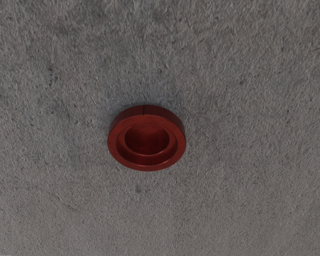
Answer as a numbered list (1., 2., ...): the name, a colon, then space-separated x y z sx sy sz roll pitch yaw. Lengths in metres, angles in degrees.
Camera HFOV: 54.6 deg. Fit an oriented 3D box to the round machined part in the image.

= = = = = = =

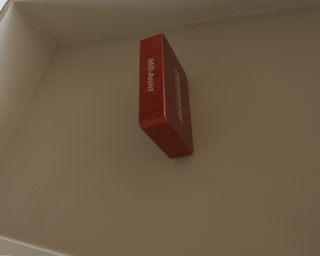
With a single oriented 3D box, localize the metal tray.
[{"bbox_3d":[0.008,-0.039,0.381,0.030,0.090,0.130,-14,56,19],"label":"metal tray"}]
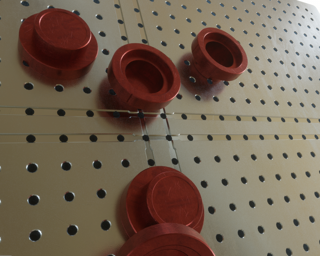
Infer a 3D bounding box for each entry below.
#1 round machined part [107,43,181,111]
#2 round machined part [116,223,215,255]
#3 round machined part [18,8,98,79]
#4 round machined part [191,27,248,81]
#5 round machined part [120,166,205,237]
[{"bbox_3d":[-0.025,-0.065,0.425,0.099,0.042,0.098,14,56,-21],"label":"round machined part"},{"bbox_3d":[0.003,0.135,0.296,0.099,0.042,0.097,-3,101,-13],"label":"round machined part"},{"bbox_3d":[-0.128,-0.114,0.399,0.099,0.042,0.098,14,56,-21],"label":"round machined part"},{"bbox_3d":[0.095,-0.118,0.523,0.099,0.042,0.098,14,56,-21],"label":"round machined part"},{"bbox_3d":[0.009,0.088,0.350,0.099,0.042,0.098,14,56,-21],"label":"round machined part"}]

= = = = = = =

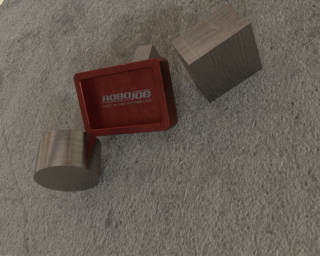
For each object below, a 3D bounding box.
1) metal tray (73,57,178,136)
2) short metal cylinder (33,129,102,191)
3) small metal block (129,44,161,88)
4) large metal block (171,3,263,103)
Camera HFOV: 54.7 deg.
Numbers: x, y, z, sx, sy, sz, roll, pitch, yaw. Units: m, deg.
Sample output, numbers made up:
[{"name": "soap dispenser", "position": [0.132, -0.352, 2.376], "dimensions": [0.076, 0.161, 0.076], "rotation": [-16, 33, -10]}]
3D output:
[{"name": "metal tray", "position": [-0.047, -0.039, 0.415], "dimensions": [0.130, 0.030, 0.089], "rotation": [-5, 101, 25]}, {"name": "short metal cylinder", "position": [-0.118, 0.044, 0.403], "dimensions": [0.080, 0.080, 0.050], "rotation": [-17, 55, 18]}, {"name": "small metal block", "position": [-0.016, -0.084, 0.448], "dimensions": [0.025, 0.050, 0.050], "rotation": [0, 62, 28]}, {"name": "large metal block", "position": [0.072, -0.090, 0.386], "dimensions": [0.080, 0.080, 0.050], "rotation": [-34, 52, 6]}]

= = = = = = =

**Goal of the exercise**
Using the material above, gather every line that includes "each".

**Result for this exercise**
Infer a 3D bounding box for each entry below.
For each object below, a 3D bounding box.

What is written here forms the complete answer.